Nice italian pasta salad easy lunch

• 200g dried farfalle (bow-tie) pasta (or other short pasta shape)

• 150g green beans

• 75g (1⁄4 cup) bought basil pesto

• 2 tsp extra virgin olive oil

• 1⁄4 cup fresh basil leaves

• 6 radishes, thinly sliced

• 200g baby bocconcini

• 1⁄2 small radicchio lettuce, coarsely chopped

• 200g tomato medley mix, sliced

• Garlic dressing

• 100ml extra virgin olive oil

• 60ml (1⁄4 cup) red wine vinegar

• 2 garlic cloves, bruised

easy-italian-pasta-salad-181752-1.jpg
Image and Recipe Source: Taste

• To make the garlic dressing, place all the dressing ingredients in a jar and seal tightly. Shake until combined then season. Set aside to infuse.

• Step 2

Cook the pasta in a large saucepan of salted boiling water following packet directions or until al dente, adding the green beans in the last 3 minutes of cooking. Refresh under cold running water then drain well. Cut the beans in half lengthways.

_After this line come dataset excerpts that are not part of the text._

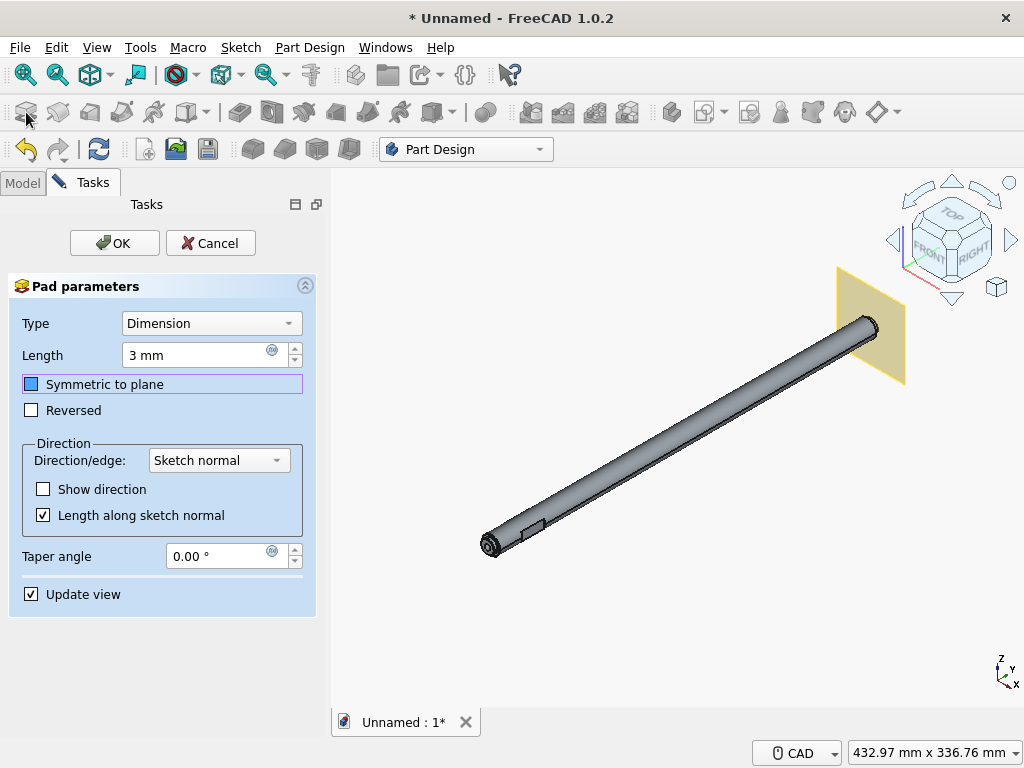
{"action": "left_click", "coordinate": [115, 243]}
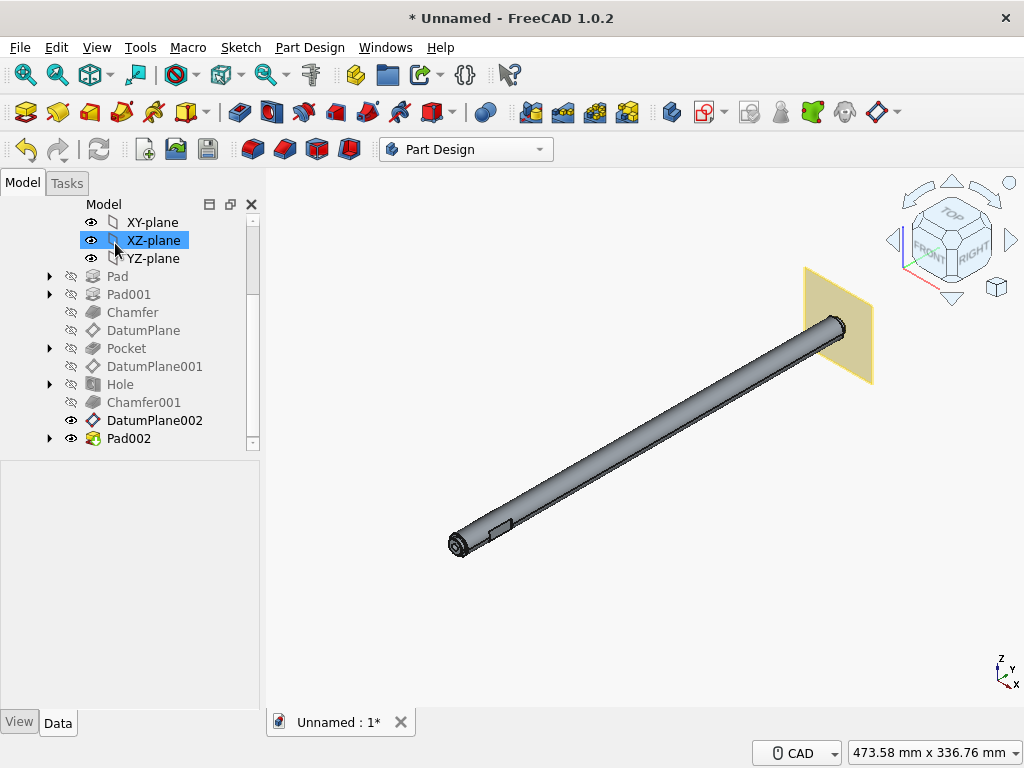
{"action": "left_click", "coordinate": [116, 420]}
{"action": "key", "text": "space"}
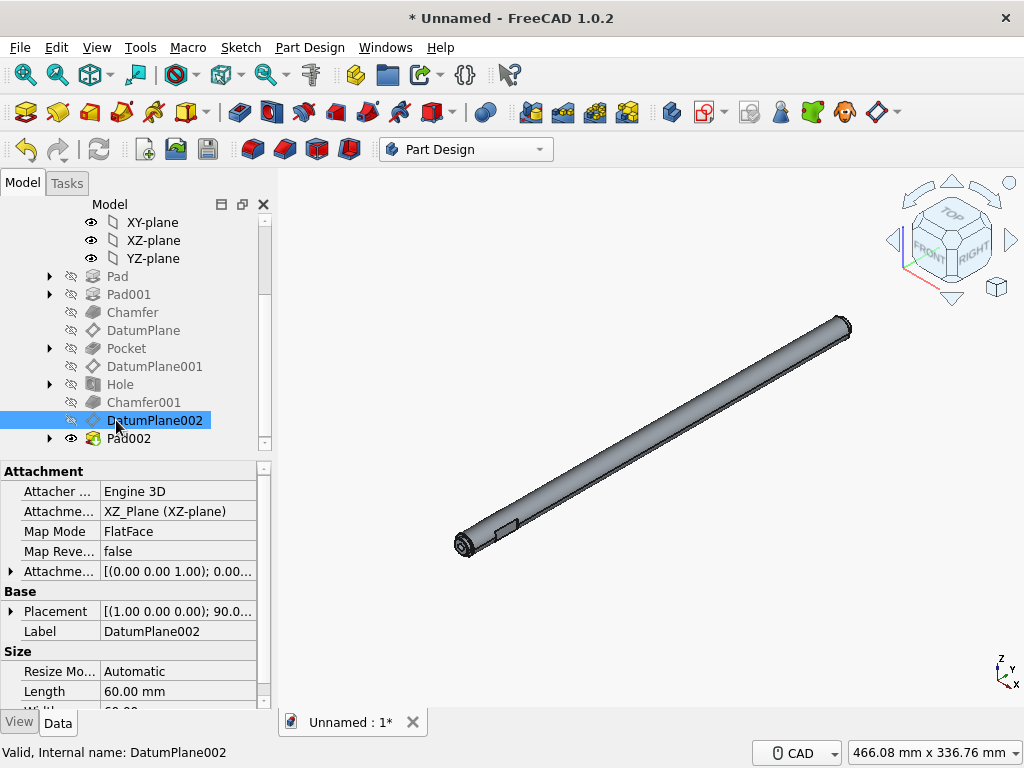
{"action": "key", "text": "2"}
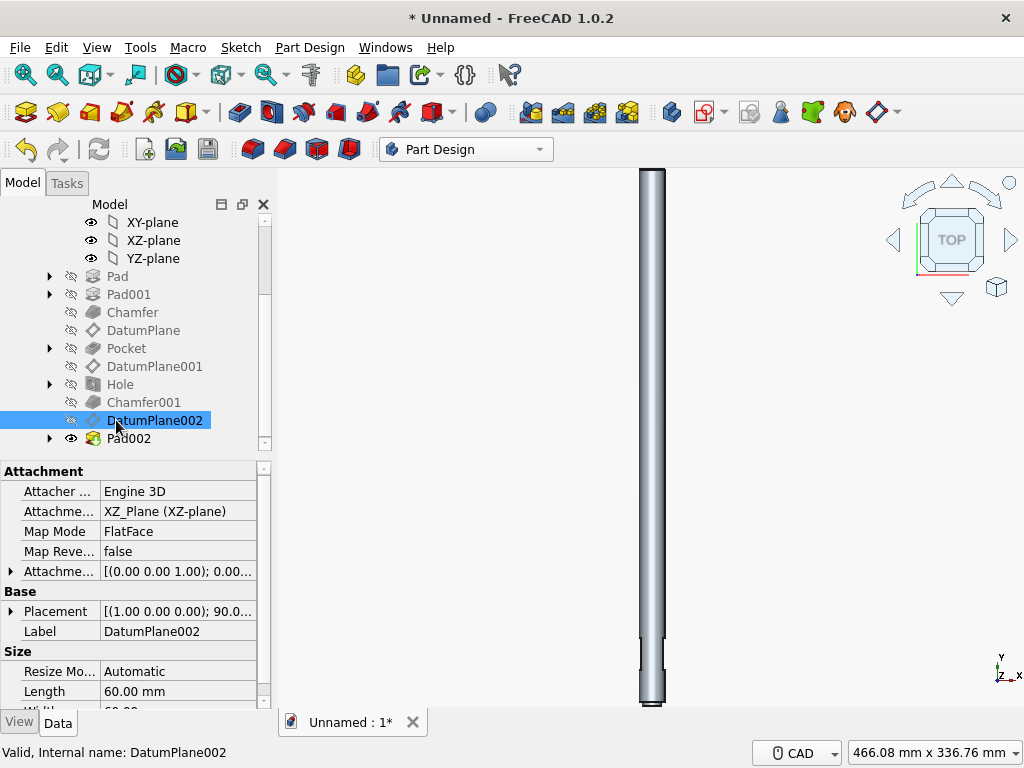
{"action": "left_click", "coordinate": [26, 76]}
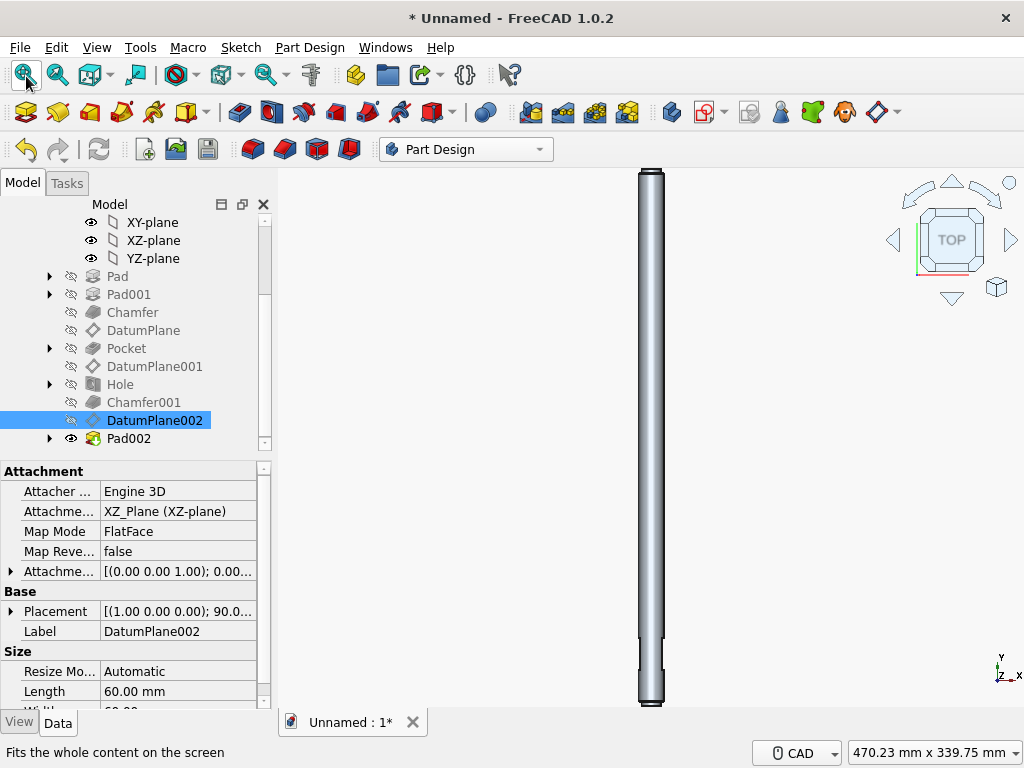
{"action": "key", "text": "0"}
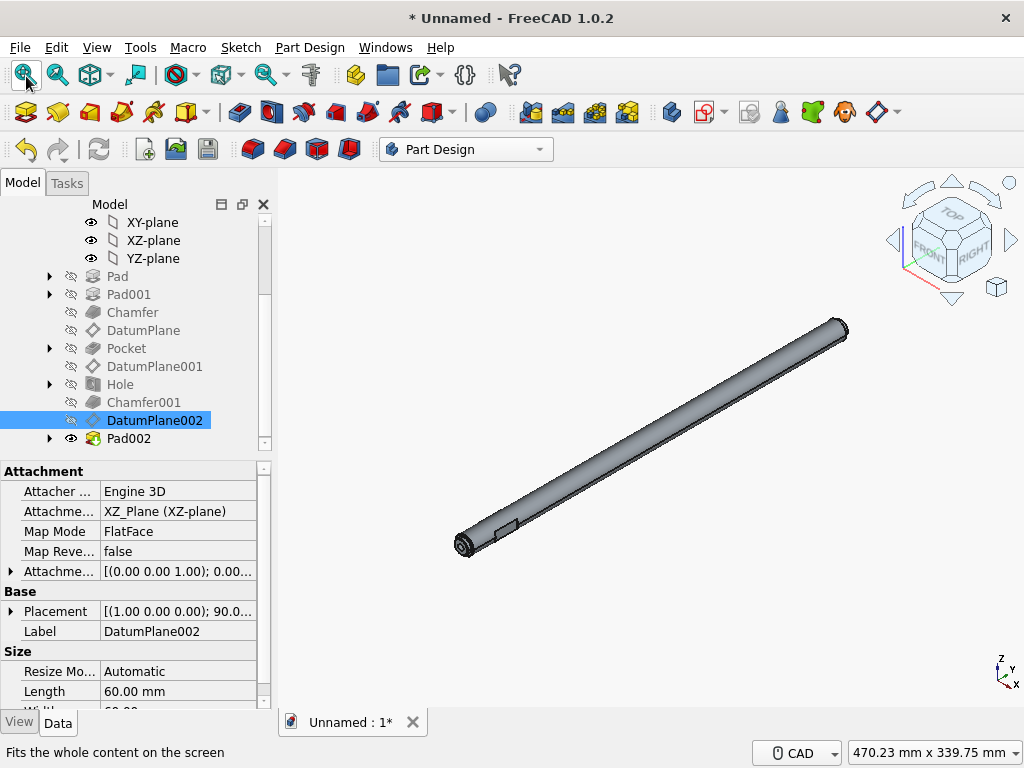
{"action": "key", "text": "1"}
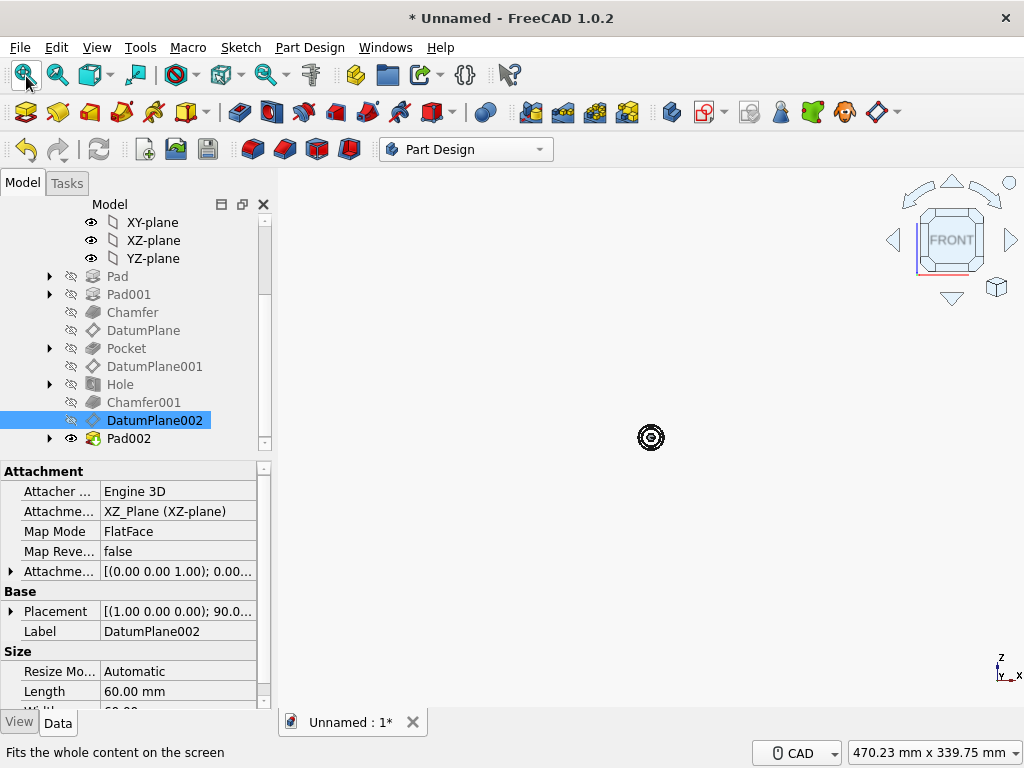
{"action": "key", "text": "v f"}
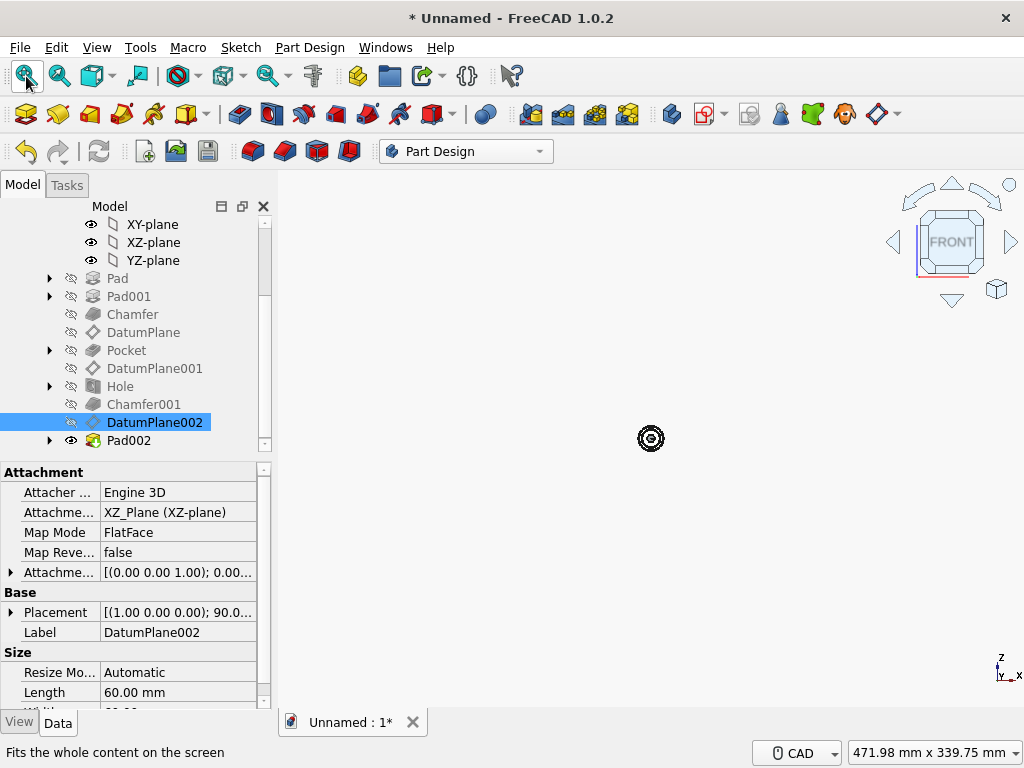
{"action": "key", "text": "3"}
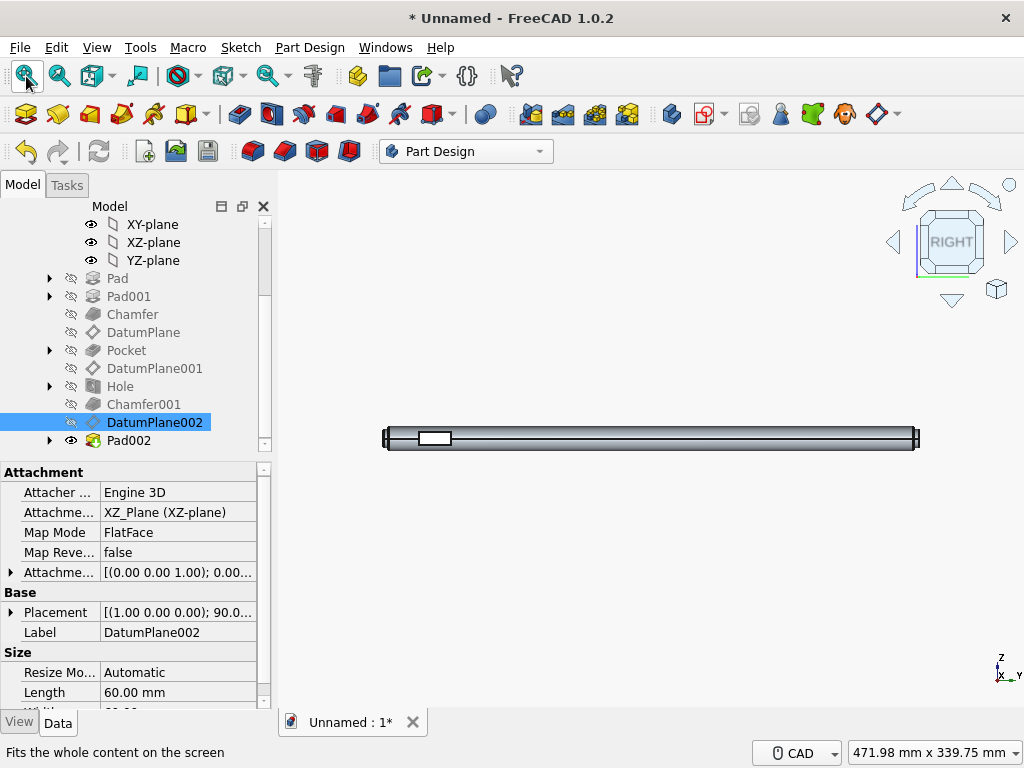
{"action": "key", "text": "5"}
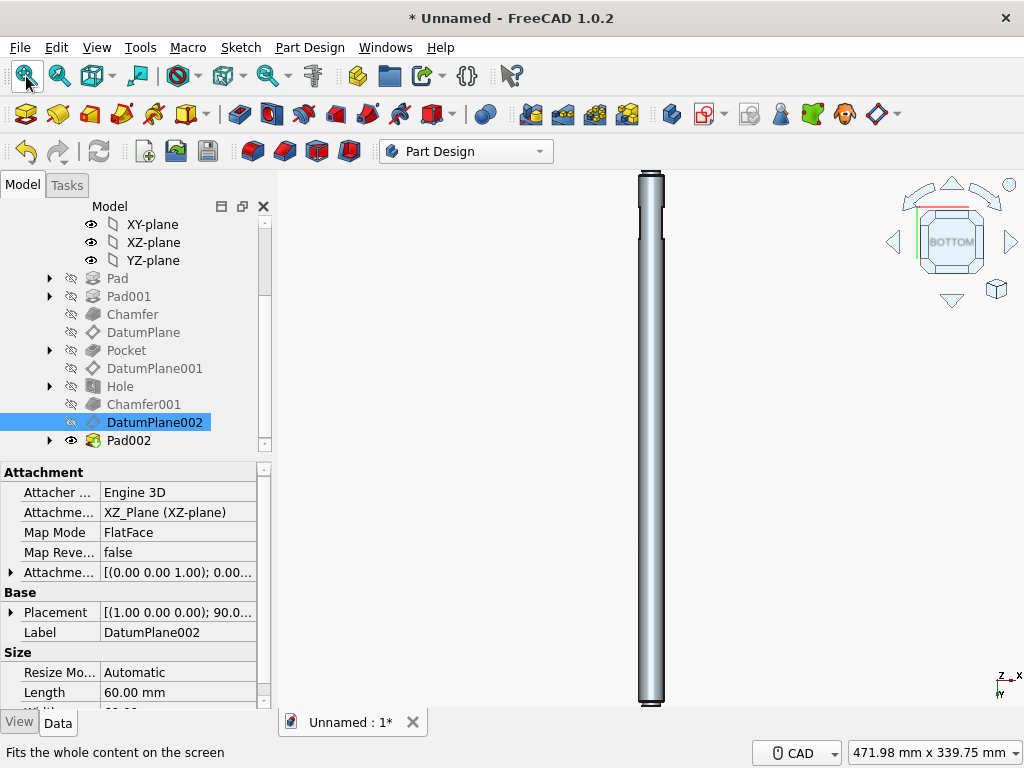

• Transfer the pasta to a large bowl. Add the pesto and oil. Toss until the pasta is well coated.

• Step 4

Arrange the pesto pasta down the centre of a 36cm oval serving platter. Arrange the basil, radish, bocconcini, radicchio, tomato and beans in rows on either side of the pasta.

• Step 5

Remove the garlic cloves from the dressing. Drizzle two-thirds of the dressing over the pasta salad and toss until combined. Divide among serving plates and serve with the remaining dressing on the side.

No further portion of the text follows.